The proposal drew disdain from the Homeland Security Department and its critics, both sides questioning the need for another bureaucratic shuffling that they said wouldn't accomplish much.

"It's time to stop playing around with the organizational charts and to start focusing on government, at all levels, that are preparing for this storm season," said Homeland Security spokesman Russ Knocke.

Former FEMA director Michael Brown said the new agency would basically have the same mission as FEMA had a year ago, before its disaster planning responsibilities were taken away.

"It sounds like they're just re-creating the wheel and making it look like they're calling for change," Brown said. "If indeed that's all they're doing, they owe more than that to the American public."

But Sen. Susan Collins, R-Maine, who led the inquiry, said the new agency would be "better equipped with the tools to prepare for and respond to a disaster."

Describing FEMA as a "shambles and beyond repair," Collins said the overall report "will help ensure that we do not have a repeat of the failures following Hurricane Katrina."

Many of the rest of the recommendations were far less dramatic, ranging from creating a Homeland Security Academy to better trained relief staff, to encouraging people and state and local governments to plan for evacuating and sheltering pets during a disaster.

Most of them offered common-sense reforms, like better coordination among all levels of government, providing reliable communications equipment to allow emergency responders to talk to each other and ensuring urban evacuation plans are up to date and adequate.

Concluding that FEMA was seriously underfunded, Senate investigators called for more money for disaster planning and response at all levels of government. They did not specify, however, how much money was needed and skirted around whether the federal government should be providing all the funding.
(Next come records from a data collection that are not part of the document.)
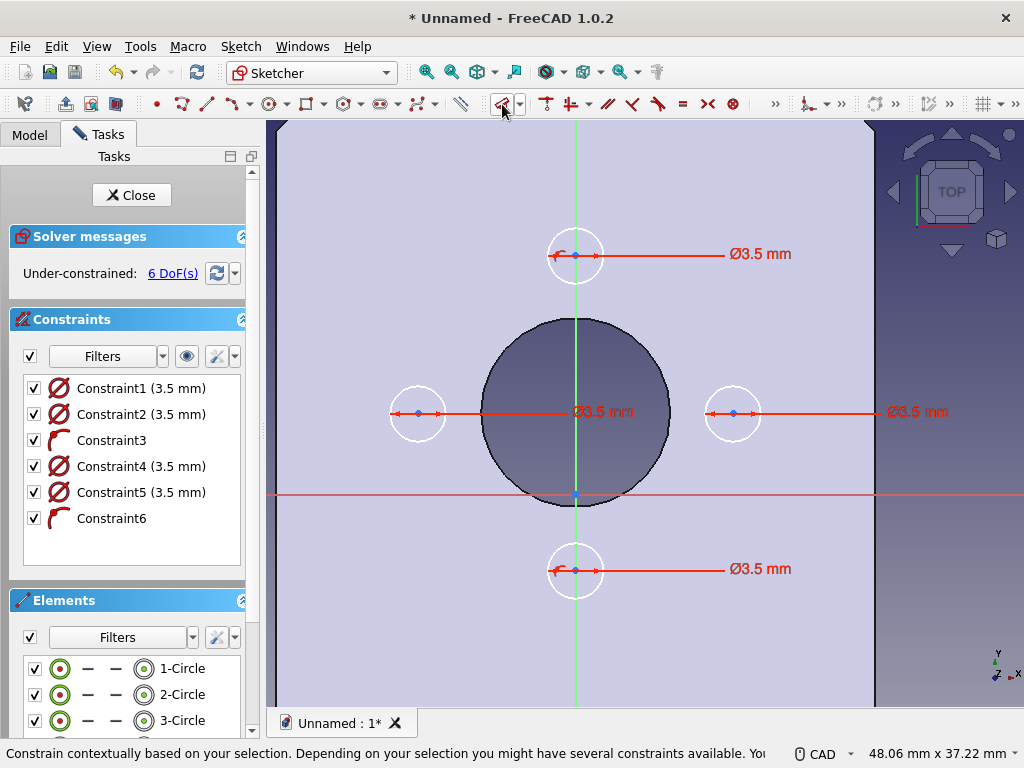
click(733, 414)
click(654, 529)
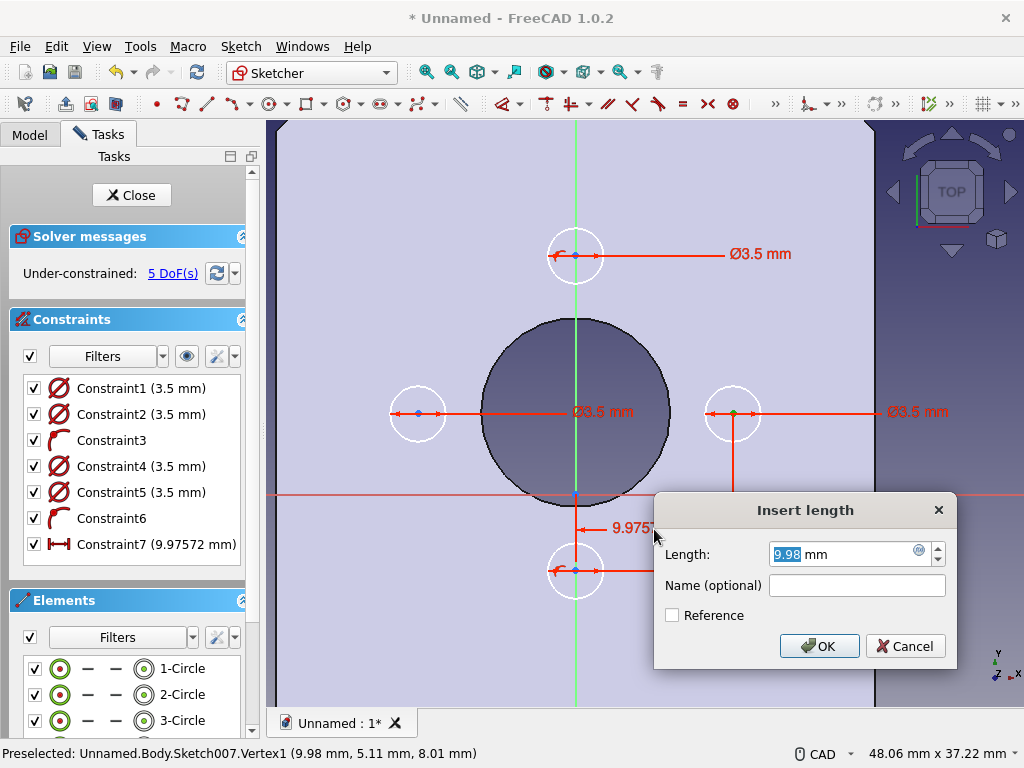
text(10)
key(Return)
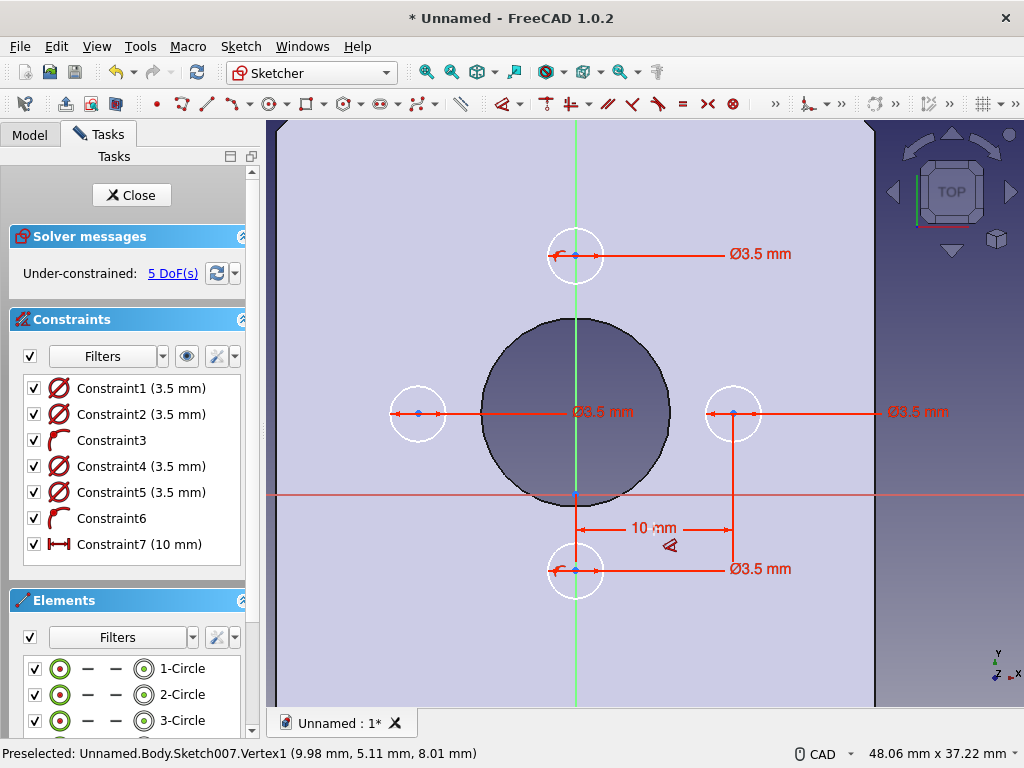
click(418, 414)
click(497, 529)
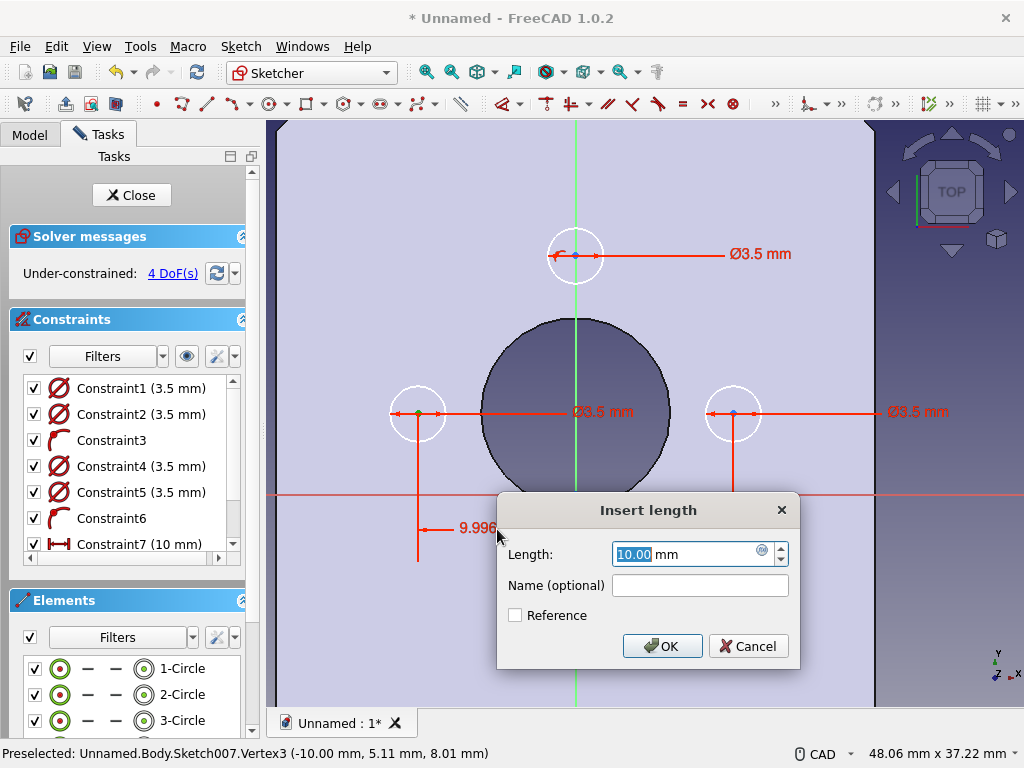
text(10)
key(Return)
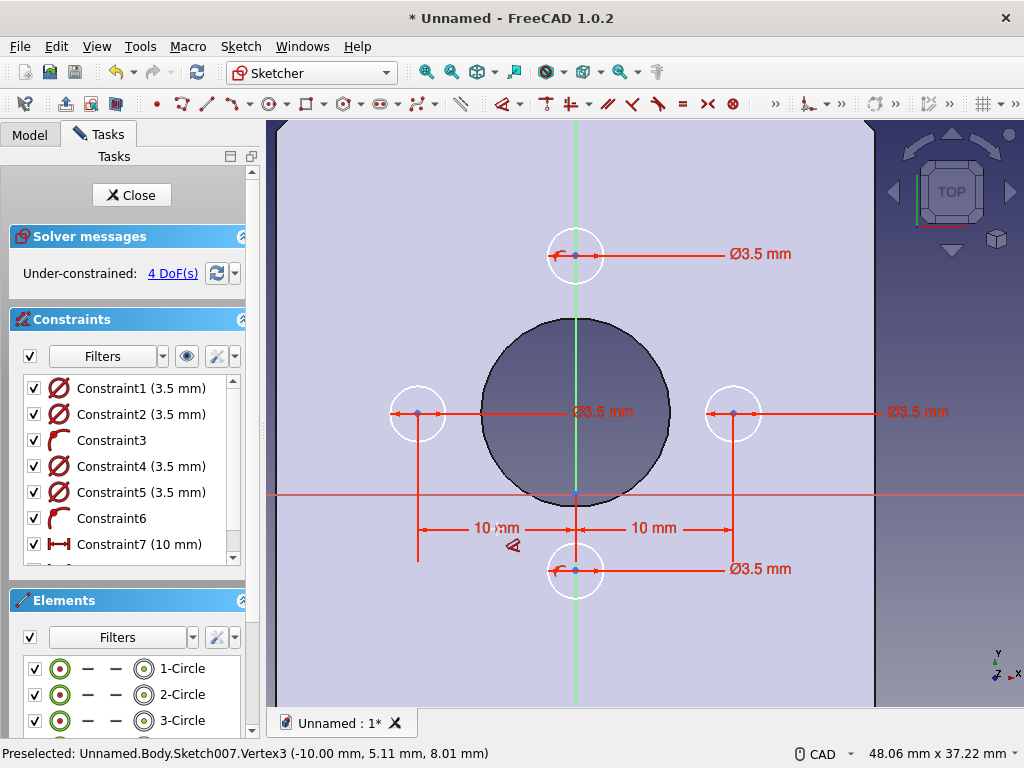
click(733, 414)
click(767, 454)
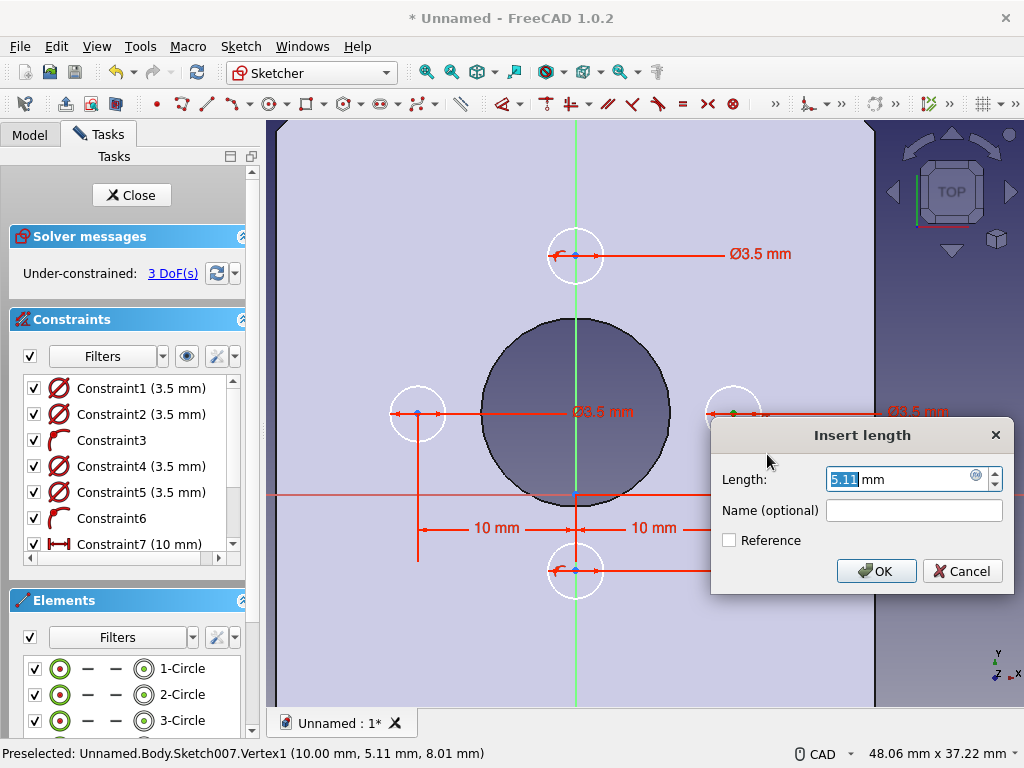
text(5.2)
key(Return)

The recommendations also called for clarifying responsibilities for levee maintenance — highlighting the structural weaknesses of the New Orleans flood walls against Katrina. They also urged better contracting procedures to avoid waste or fraud in the rush to get aid to disaster victims.

"There is no federal dollar that is spent on disaster relief and recovery for which the government is not accountable to taxpayers," the recommendations said.